Well the two remaining juvenile Paratilapia polleni I have been growing for almost two years are mature now. I have one male and one female. I keep them in separate tanks in my office to keep them from killing each other but now I would like to breed them. I would appreciate any advice from anyone who has already bred them. Mainly I was looking for:
What size tank is recommended?
Any particular water conditions?
Suitable substrate for spawning?
Any particular conditioning feeds?
And most importantly.... How do I keep them from killing each other?

Thanks
Andy


----------



## duaneS (Aug 31, 2006)

This is the $64,000 question Andy, how to keep them from killing each other. I had a pair that bred a few years back in regular Milwaukee pH 7.5 tap water in a 150 gal tank, but because they were with a raucous community of Central Americans, the eggs didn't survive. If the pair can't be trusted together, you might try the egg crate divider method. Since Paratilapia like to hang their spawn on roots or things like that, they may want to attach the eggs to the egg crate, especially if that was the only type structure like it in the tank. 
At least in that way you protect your female in case he gets too aggressive.


----------



## Narwhal72 (Sep 26, 2006)

Thanks for the advice duane.
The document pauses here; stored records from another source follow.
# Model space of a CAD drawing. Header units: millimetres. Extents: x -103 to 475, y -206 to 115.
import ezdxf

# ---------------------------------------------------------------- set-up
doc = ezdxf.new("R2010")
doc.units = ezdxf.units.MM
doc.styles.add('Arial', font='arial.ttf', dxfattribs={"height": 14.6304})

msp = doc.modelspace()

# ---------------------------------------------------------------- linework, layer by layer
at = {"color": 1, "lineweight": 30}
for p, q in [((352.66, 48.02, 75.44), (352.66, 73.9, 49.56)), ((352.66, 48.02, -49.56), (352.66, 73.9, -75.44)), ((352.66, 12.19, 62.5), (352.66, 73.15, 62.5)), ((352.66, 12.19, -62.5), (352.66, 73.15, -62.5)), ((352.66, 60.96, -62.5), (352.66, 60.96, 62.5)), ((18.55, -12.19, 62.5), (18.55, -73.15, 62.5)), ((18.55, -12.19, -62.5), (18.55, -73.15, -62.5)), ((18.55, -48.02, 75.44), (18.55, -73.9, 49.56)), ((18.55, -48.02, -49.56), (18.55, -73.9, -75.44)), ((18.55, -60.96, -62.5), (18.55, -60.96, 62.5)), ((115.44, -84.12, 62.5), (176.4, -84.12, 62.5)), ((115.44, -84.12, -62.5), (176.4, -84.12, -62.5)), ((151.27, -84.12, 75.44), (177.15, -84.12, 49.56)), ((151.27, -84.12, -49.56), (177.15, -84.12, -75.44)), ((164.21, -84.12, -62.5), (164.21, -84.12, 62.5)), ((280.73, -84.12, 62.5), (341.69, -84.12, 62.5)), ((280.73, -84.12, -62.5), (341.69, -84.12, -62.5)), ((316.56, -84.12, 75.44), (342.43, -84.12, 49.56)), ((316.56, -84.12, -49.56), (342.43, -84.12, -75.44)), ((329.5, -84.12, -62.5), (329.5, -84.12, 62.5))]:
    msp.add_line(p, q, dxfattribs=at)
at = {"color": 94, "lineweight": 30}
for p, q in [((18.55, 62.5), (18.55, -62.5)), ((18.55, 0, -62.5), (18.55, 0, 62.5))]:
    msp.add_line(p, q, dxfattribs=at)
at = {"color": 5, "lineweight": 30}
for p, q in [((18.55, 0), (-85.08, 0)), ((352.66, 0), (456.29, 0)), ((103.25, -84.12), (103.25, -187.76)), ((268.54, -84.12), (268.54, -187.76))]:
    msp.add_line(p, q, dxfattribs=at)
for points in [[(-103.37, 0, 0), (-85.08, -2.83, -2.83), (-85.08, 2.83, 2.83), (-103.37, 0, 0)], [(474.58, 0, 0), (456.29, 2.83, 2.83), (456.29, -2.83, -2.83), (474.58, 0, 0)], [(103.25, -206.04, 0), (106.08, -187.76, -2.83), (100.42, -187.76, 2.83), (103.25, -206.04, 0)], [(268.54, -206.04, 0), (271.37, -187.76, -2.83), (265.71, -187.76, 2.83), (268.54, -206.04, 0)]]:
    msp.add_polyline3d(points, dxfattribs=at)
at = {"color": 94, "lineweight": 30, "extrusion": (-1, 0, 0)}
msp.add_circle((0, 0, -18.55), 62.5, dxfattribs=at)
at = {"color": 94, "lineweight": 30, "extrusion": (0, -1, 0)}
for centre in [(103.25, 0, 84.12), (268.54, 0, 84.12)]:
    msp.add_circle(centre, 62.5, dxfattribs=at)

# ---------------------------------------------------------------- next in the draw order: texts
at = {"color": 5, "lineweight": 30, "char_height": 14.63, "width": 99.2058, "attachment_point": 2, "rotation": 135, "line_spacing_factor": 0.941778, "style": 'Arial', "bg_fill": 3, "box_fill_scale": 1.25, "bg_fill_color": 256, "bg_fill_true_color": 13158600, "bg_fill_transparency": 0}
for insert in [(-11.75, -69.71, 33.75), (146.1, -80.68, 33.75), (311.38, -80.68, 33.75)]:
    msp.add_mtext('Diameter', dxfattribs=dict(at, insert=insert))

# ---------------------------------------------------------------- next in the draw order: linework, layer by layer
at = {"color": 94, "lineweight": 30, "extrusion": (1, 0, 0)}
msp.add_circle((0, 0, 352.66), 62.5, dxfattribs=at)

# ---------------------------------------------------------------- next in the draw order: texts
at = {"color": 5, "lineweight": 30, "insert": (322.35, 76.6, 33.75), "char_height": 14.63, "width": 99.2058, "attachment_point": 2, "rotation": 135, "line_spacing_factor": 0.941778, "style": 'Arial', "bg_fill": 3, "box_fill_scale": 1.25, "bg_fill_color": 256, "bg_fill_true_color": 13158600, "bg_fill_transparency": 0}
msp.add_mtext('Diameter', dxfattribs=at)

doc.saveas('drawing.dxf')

I had considered the eggcrate divider but unfortunately both male and female are about the same size. I think I may give them another 6 months to see if the male can put on some more size and then try it. 
Thanks
Andy


----------



## duaneS (Aug 31, 2006)

They would be able to spawn, even though on opposite sides of the barrier, especially if they hang the eggs on it.. I know some people like to put a "door" for a smaller female, but not needed.


----------



## Narwhal72 (Sep 26, 2006)

I hadn't thought about keeping them fully divided. I may give that a try. Thanks.
Andy


----------